Benimle Ol İstiyorum

369 40 14
                                    

"Üzgünüm Demir. Her güzel anın bir sonu vardır ve.. senin ki de bitti."

Şaşkınlıkla arkamı dönerek sesin sahibine baktım. Hayal mi görüyordum ben? Biri beni cimciklesin. Karşımda dağınık saçları ve neredeyse üzerine yapışmış siyah takım elbisesiyle Ural duruyordu. Ural ile kısa bir an göz göze geldiğimizde içimde anlam veremediğim tuhaf bir his oluşmuştu. Ve de bunun bozulması saniyeleri bile almamıştı çünkü Demir iki büyük adımda önüme geçerek Ural ile arama girmişti. Biraz sol tarafa kayarak Demir'in arkasından çıktım.  Demir derin bir nefes alıp konuştu "Ne demeye çalışıyorsun?"

"Ne anladıysan kardeşim." Diyerek dudağını yukarı kıvırdı Ural ve devam etti "İris gidelim."

"İris hiçbir yere gitmiyor." Dedi Demir sert sesiyle. Aslında şu an tam tersi Ural ile gitmek istiyordum. Onun ile beraber olmak istiyordum. Ama Böyle birşey yaparasam kesinllikle Demir'e çok büyük bir ayıp yapmış olacaktım çünkü benim için bu kadar uğraşmış ve arkadaş olamamız için çabalıyordu.
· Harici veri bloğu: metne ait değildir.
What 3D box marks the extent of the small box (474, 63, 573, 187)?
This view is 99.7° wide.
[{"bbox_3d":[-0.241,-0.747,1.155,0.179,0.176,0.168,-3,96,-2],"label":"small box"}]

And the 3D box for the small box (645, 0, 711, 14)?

Bu şekilde bırakıp gitmem doğru olmazdı.

"Buna ne zamandan beri sen karar verebiliyorsun Demir?" Diyerek bize doğru yaklaşmaya başladı Ural. Bana doğru attığı her adımda yüzü daha da netleşirken kalp atışlarım da hızlanıyordu.
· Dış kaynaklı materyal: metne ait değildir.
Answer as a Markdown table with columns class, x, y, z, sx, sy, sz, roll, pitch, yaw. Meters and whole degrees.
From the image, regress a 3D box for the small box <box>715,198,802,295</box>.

Demir tamamen önüme geçerek Ural'ı görmemi engelleyince artık olaya el atmamın zamanı geldiğini anlamıştım yoksa kötü şeyler olabilirdi.

"Ural git!" Diye uyarıda bulundu Demir buz gibi sesiyle birlikte. Demir'in arkasından çıkarak ikisinin ortasına girdim. Ural öfke dolu bakışlarıyla Demir'e bakıyordu Demir'in de ondan farkı yoktu. Sertçe yutkunup dudaklarımı araladım.
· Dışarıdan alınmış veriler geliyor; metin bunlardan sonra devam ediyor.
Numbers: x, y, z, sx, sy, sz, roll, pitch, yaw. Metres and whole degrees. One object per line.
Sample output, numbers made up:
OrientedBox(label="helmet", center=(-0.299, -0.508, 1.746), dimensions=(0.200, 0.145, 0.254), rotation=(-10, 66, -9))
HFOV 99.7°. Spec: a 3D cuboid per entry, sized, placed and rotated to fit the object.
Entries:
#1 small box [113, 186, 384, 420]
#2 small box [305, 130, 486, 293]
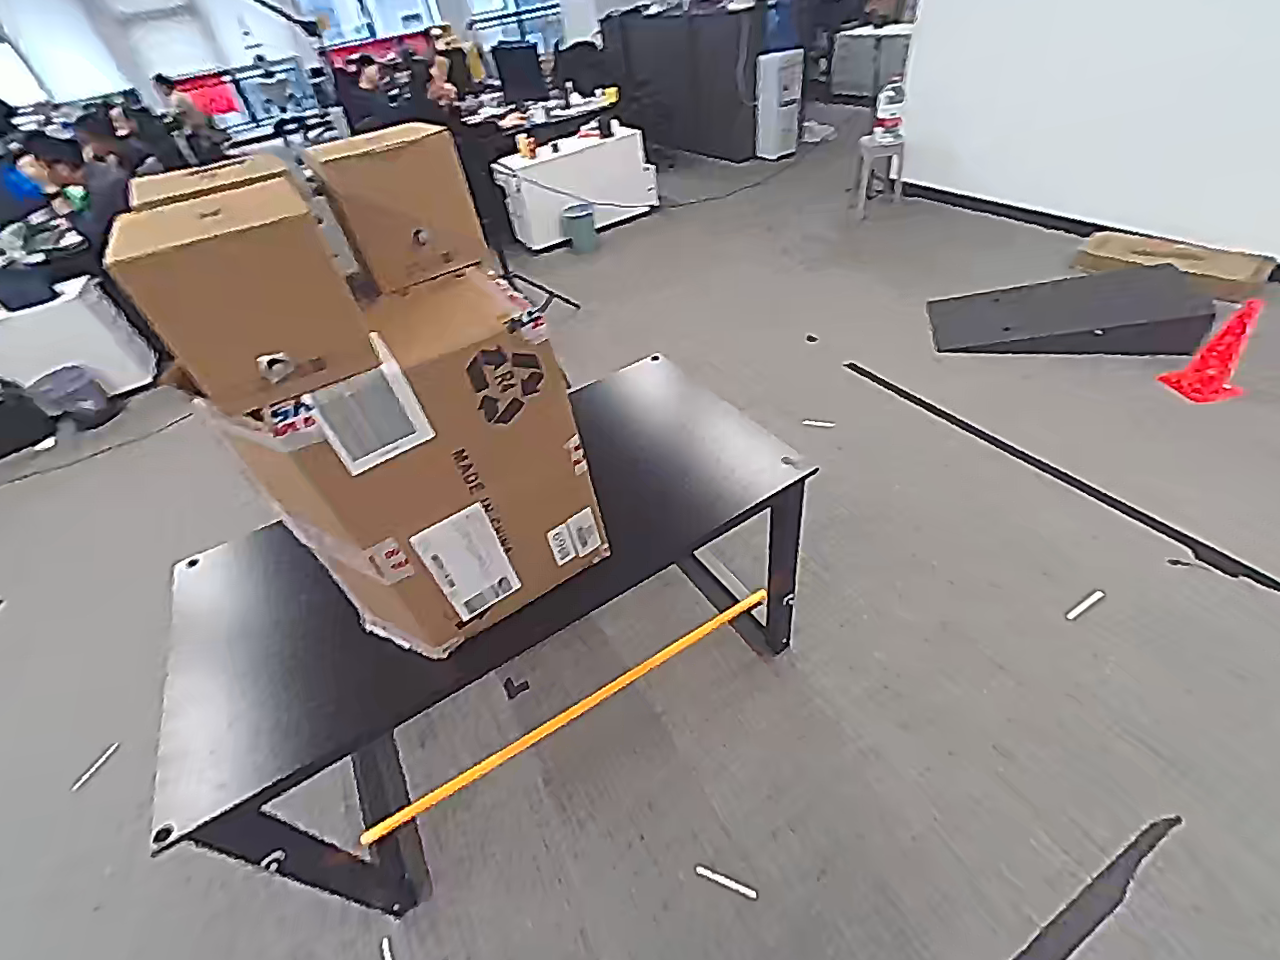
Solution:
OrientedBox(label="small box", center=(-0.408, -0.193, 0.584), dimensions=(0.168, 0.176, 0.179), rotation=(-29, 48, -21))
OrientedBox(label="small box", center=(-0.351, -0.391, 0.787), dimensions=(0.168, 0.176, 0.179), rotation=(-30, 45, -20))
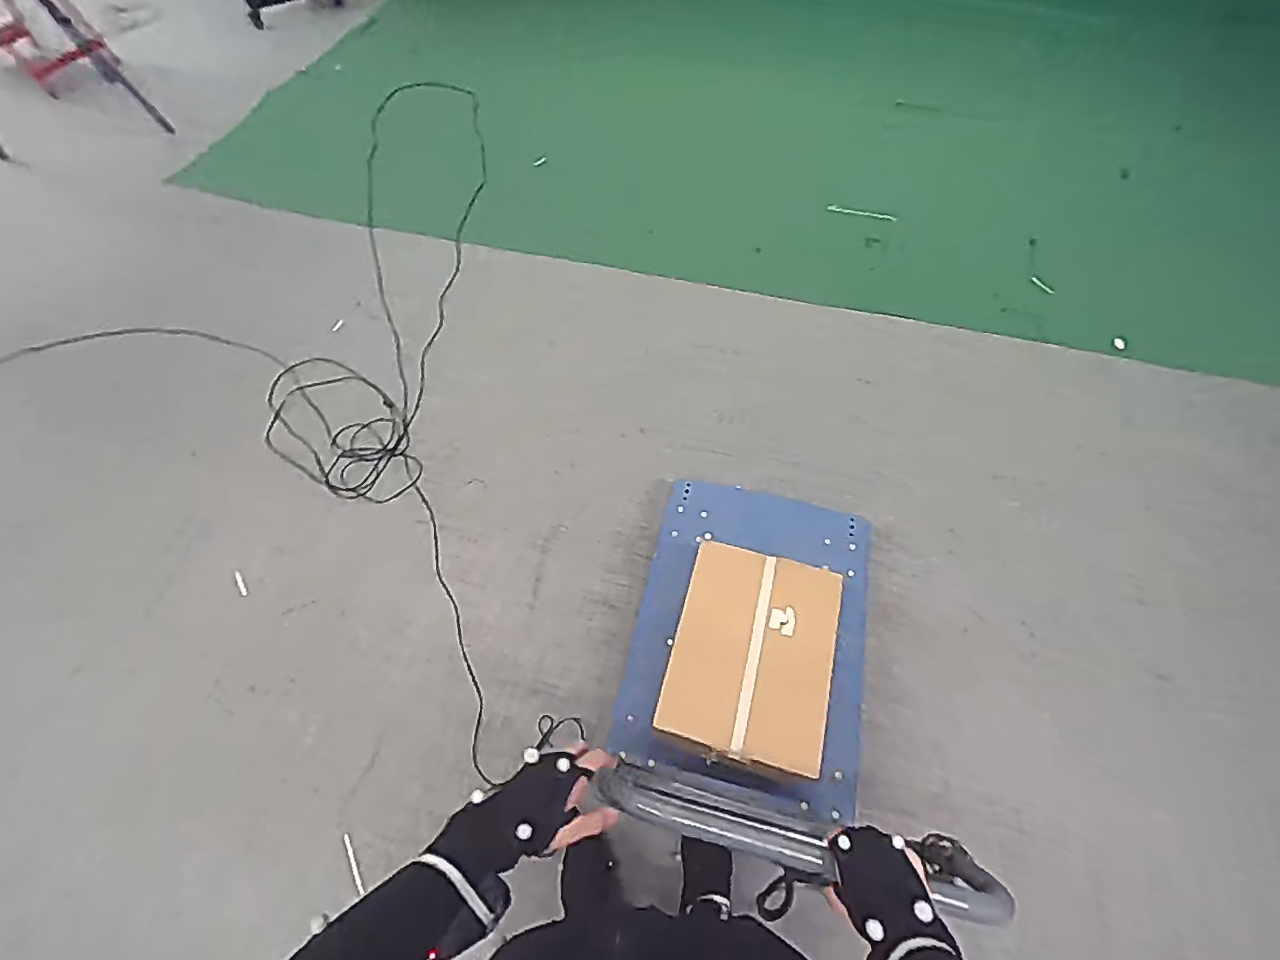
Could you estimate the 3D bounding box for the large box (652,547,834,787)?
[{"bbox_3d":[0.222,0.424,1.215,0.320,0.320,0.408,14,60,8],"label":"large box"}]

"Burda ne işin var Ural?" Diyerek Ural'a döndüm. Buraya ne için geldiğini merak ediyordum. Geldiğinden rahatsız değildim fakat gelme amacını merak etmiştim. Ural kısa bir an bana baktıktan sonra bakışlarını geri Demir'e çevirdi.

"Acaba neden? Demir sen mi söylemek istersin ben mi söyleyeyim?" Diyerek ellerini cebine koydu Ural. Neyden bahsediyordu? Buraya onu Demir mi çağırmıştı yoksa işin içinde çok farklı şeyler mi vardı? Biri bana burda neler olduğunu hemen anlatabilir mi?!

Ural cebinden telefonunu çıkartıp birşey açtıktan sonra telefonu bana çevirdi. Bu benim resmimdi. Buraya ilk geldiğimde masa'nın başında denizi izlerken biri benim resmimi çekip Ural'a göndermişti. Ural resmimden çıkıp mesajı gösterdi hızlıca

'Çok yazık! Sabah ellerinle astığın balonların kimin için olduğunu öğrendin mi? Bu kadar aptal olma Ural. Onu bulmuşken kaybetmeyeceğim!'

Bunu yazan kişi Demirdi. Hızlıca arkamı dönerek Demir'in yüzüne tokat attım. Demir'in yüzü sol tarafa yatarken gözümden bir damla yaş süzüldü.

Demir bana yalan mı söylemişti yani? Bana sadece arkadaş olmak istediğini söylerken bu yazdıkları ne demek oluyordu? Ona güvenmiştim, güvenerek burda kalmış ve onu affetmeyi kabul etmiştim ama...Demir benim bütün güvenimi boşa çıkarmıştı.

Ural'ın yanından geçerek Hızlıca yürümeye başladım. Ayaklarım her ne kadar kuma gömülse de bunu önemsemeden biraz daha hızlandım. Burdan gitmek istiyordum hemde hemen. Gözümden süzülen yaşı hemen yok ettim.

"İris bekle." Diye arkamdan seslenen Demir'i umursamadan yürümeye devam ettim. Sonunda kumsal bittiğinde düz yola çıkarak yürümeye devam ettim. Saat baya geç olduğu için kimse yoktu ve bu beni daha da rahatlatmıştı. İnsanların bana tuhaf gözlerle bakmasını istemiyordum.

Bir el bileğimi sıkıca sardığında elimi kurtarmak için çektim ama becerememiştim çünkü çok sıkı tutuyordu. Arkamı dönmeden konuştum.